TransDigm is soliciting proxies for use at the annual meeting, including any postponements or adjournments. In the interest of saving time and money, TransDigm has opted to provide the Annual Report on Form 10-K for the year ended September 30, 2022 in lieu of producing a glossy annual report.

Attending the Annual Meeting

The meeting will be held at the Company’s principal executive offices, 1301 E Ninth Street, Suite 3000, Cleveland, Ohio 44114 on Thursday, March 9, 2023, at 9:00 a.m. Eastern time. For directions to the meeting, call Investor Relations at 216-706-2945.

Only stockholders as of the record date, or their duly appointed proxies, may attend the meeting. If you hold your shares in “street name” (that is, through a broker or other nominee), your name does not

appear in the Company’s records, so you will need to bring a copy of your brokerage statement reflecting your ownership of shares of common stock as of the record date.

Even if you plan on attending the annual meeting, please vote in advance on the internet, by phone or by completing and returning your proxy card to ensure that your vote will be represented at the annual meeting.

In the unlikely event that we determine that holding an in-person meeting is inadvisable or in conflict with federal, state or local executive orders, the Company may decide to instead hold a virtual annual meeting. If we decide to use this format, we will make a public announcement as soon as practicable prior to the meeting. In such event, to attend and participate in the virtual annual meeting, stockholders will need to access the live audio webcast of the meeting. To do so, stockholders of record will need to visit www.virtualshareholdermeeting.com/TDG2022 and use their 16-digit control number provided with

 

49


this proxy statement to login and beneficial owners will need to follow the instructions provided by the broker, bank or other nominee that holds their shares.

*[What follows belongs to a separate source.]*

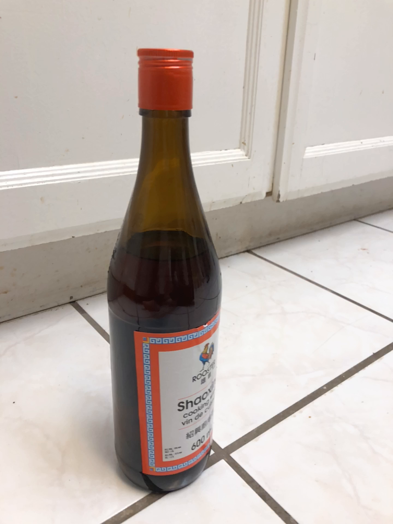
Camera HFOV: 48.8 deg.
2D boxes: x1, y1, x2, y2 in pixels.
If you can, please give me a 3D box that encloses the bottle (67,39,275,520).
[{"bbox_3d":[-0.017,0.018,0.274,0.070,0.278,0.080,18,28,31],"label":"bottle"}]

Further instructions on how to attend, participate in and vote at the virtual annua meeting will be available at www.virtualshareholdermeeting.com/TDG2022. Please note you will only be able to participate in the meeting using this website if we decide to use a virtual annual meeting instead of holding an in-person meeting in Cleveland, Ohio.

Proxy Materials

These materials were first sent or made available to stockholders on January 27, 2023, and include:

 

   

The Notice of 2023 Annual Meeting of Stockholders

 

   

This Proxy Statement for the Annual Meeting

 

   

TransDigm’s Annual Report on Form 10-K for the year ended September 30, 2022

If you received printed versions by mail, these printed proxy materials also include the proxy card or voting instruction form for the annual meeting.

TransDigm uses the internet as the primary means of furnishing proxy materials to stockholders. We are sending a Notice of Internet Availability of Proxy Materials to our stockholders with instructions on how to access the proxy materials online or request a printed copy of the materials.

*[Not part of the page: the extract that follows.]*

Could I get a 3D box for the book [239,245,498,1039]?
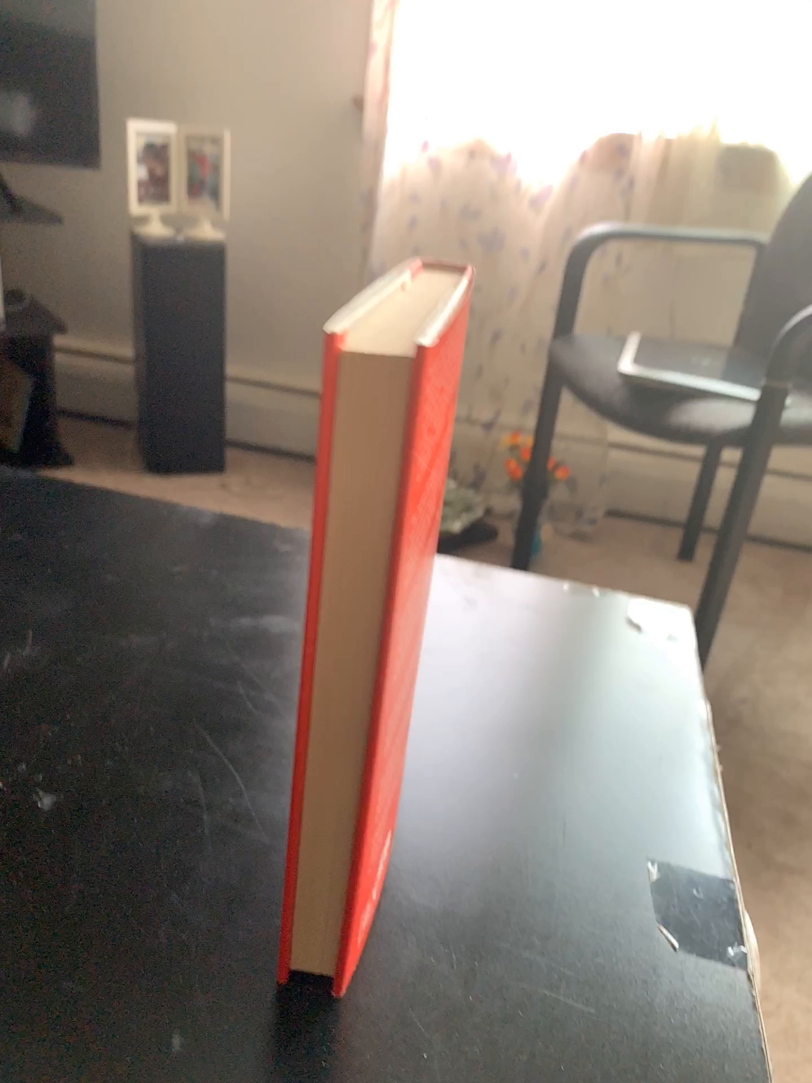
[{"bbox_3d":[-0.010,0.023,0.319,0.040,0.238,0.171,10,24,6],"label":"book"}]

Stockholders may follow the instructions in the Notice of Internet Availability to elect to receive future proxy materials in print by mail or electronically by email. We encourage stockholders to take advantage of the availability of the proxy materials online to help reduce the environmental impact of our annual meetings and reduce our printing and mailing costs.

Our proxy materials are also available at www.transdigm.com/investor-relations.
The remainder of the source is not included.